**Work to be completed:** Retype the entries exactly; omit all pictures.

*** Begin section ***

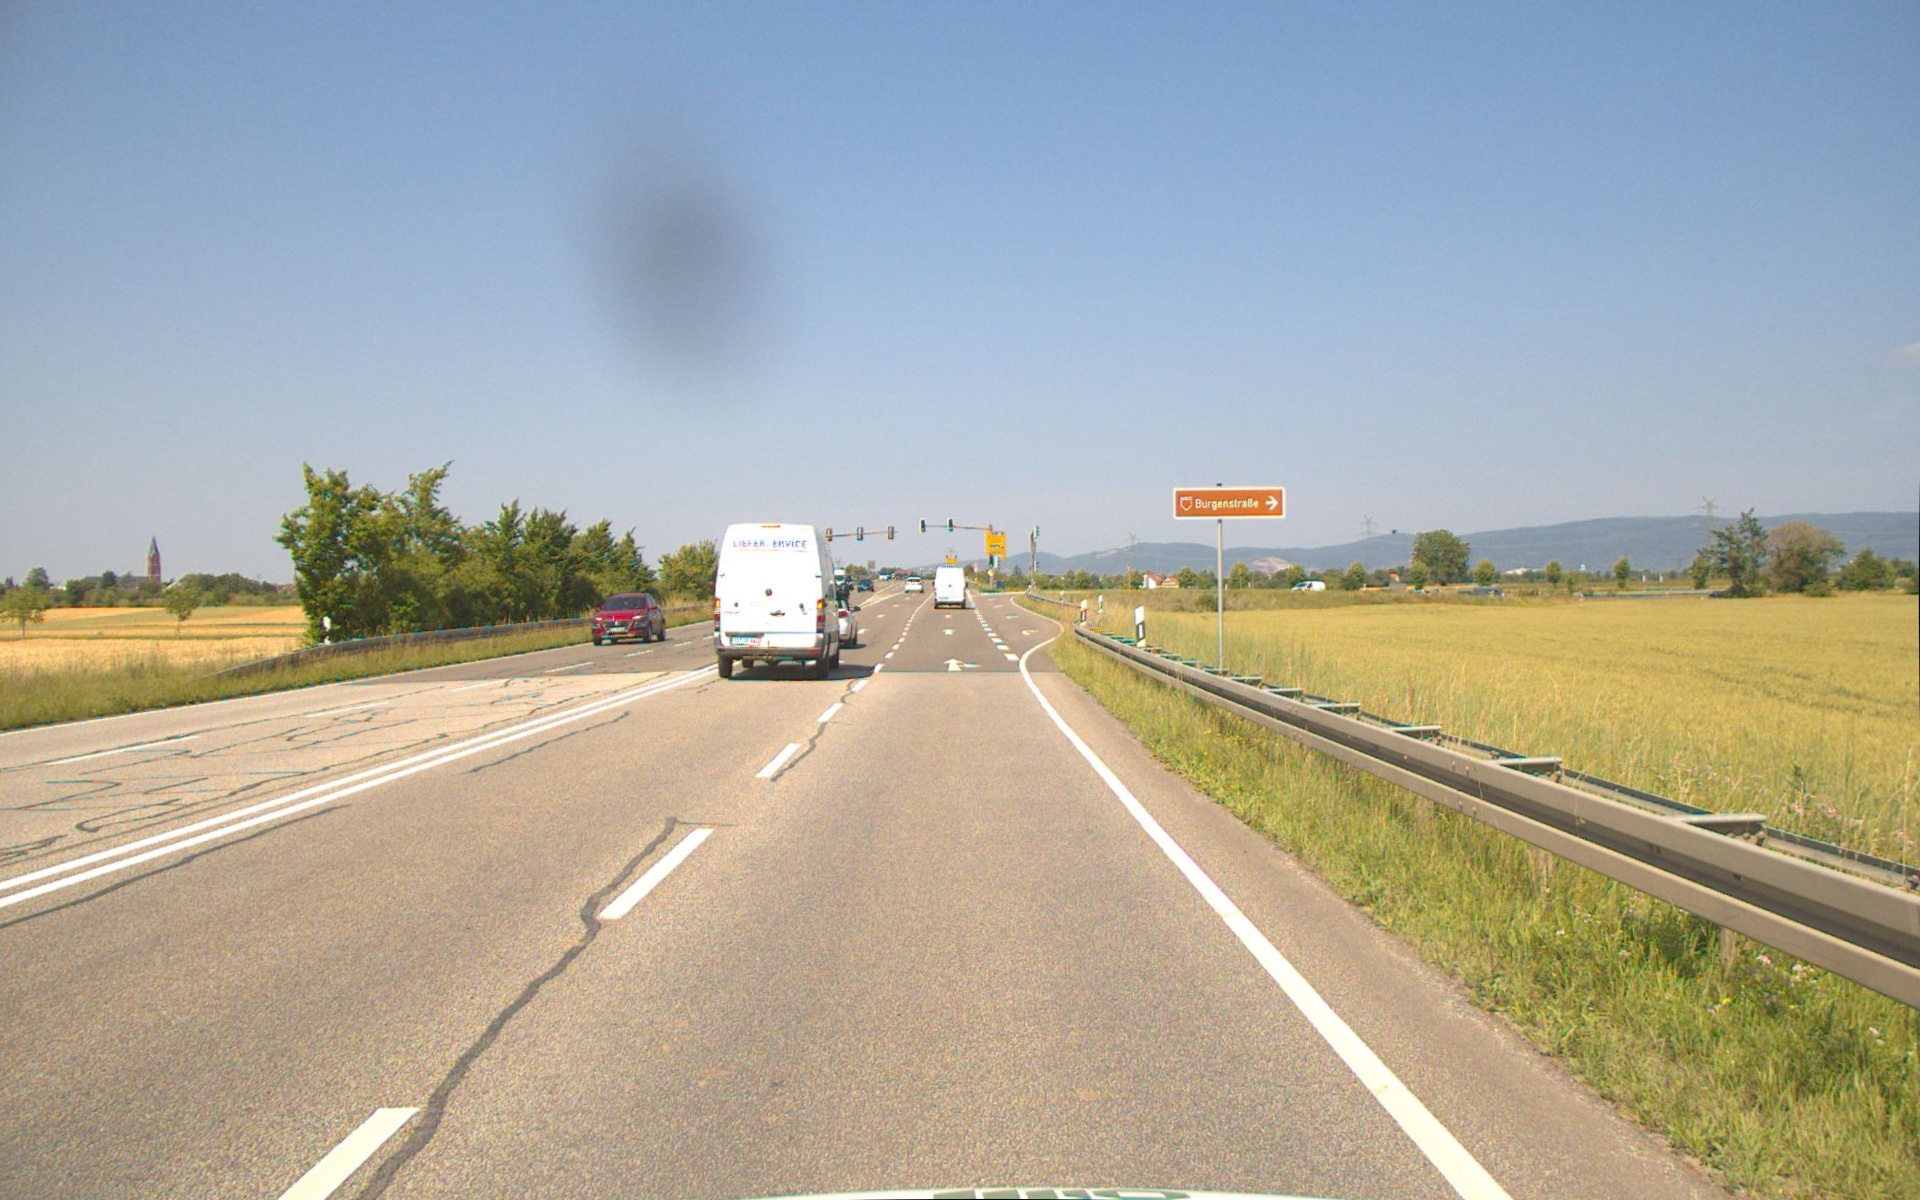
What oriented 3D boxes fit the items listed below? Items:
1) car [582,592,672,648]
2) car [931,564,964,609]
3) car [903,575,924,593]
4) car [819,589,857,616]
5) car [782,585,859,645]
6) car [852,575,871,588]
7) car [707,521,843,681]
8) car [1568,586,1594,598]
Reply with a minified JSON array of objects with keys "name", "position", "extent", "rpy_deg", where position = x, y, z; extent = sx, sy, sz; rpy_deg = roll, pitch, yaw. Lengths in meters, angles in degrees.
[{"name":"car","position":[-10.685,0.612,53.348],"extent":[1.953,1.589,4.311],"rpy_deg":[-2,1,0]},{"name":"car","position":[-0.800,-0.831,103.217],"extent":[1.953,2.742,4.969],"rpy_deg":[-1,0,-1]},{"name":"car","position":[-4.700,-1.615,166.656],"extent":[1.953,1.732,4.274],"rpy_deg":[1,0,0]},{"name":"car","position":[-7.163,0.134,97.474],"extent":[1.819,1.448,4.000],"rpy_deg":[-2,0,1]},{"name":"car","position":[-3.700,0.370,44.465],"extent":[1.763,1.534,4.195],"rpy_deg":[0,0,-1]},{"name":"car","position":[-11.165,-2.088,187.313],"extent":[1.819,1.448,4.000],"rpy_deg":[-1,0,1]},{"name":"car","position":[-3.317,0.022,30.717],"extent":[1.998,2.666,5.739],"rpy_deg":[1,0,-2]},{"name":"car","position":[85.223,-1.067,226.920],"extent":[3.437,1.512,1.632],"rpy_deg":[1,0,-31]}]

*** End section ***

**Exercise solution:**
What oriented 3D boxes fit the items listed below? Items:
1) car [582,592,672,648]
2) car [931,564,964,609]
3) car [903,575,924,593]
4) car [819,589,857,616]
5) car [782,585,859,645]
6) car [852,575,871,588]
7) car [707,521,843,681]
8) car [1568,586,1594,598]
Reply with a minified JSON array of objects with keys "name", "position", "extent", "rpy_deg", where position = x, y, z; extent = sx, sy, sz; rpy_deg = roll, pitch, yaw. Lengths in meters, angles in degrees.
[{"name":"car","position":[-10.685,0.612,53.348],"extent":[1.953,1.589,4.311],"rpy_deg":[-2,1,0]},{"name":"car","position":[-0.800,-0.831,103.217],"extent":[1.953,2.742,4.969],"rpy_deg":[-1,0,-1]},{"name":"car","position":[-4.700,-1.615,166.656],"extent":[1.953,1.732,4.274],"rpy_deg":[1,0,0]},{"name":"car","position":[-7.163,0.134,97.474],"extent":[1.819,1.448,4.000],"rpy_deg":[-2,0,1]},{"name":"car","position":[-3.700,0.370,44.465],"extent":[1.763,1.534,4.195],"rpy_deg":[0,0,-1]},{"name":"car","position":[-11.165,-2.088,187.313],"extent":[1.819,1.448,4.000],"rpy_deg":[-1,0,1]},{"name":"car","position":[-3.317,0.022,30.717],"extent":[1.998,2.666,5.739],"rpy_deg":[1,0,-2]},{"name":"car","position":[85.223,-1.067,226.920],"extent":[3.437,1.512,1.632],"rpy_deg":[1,0,-31]}]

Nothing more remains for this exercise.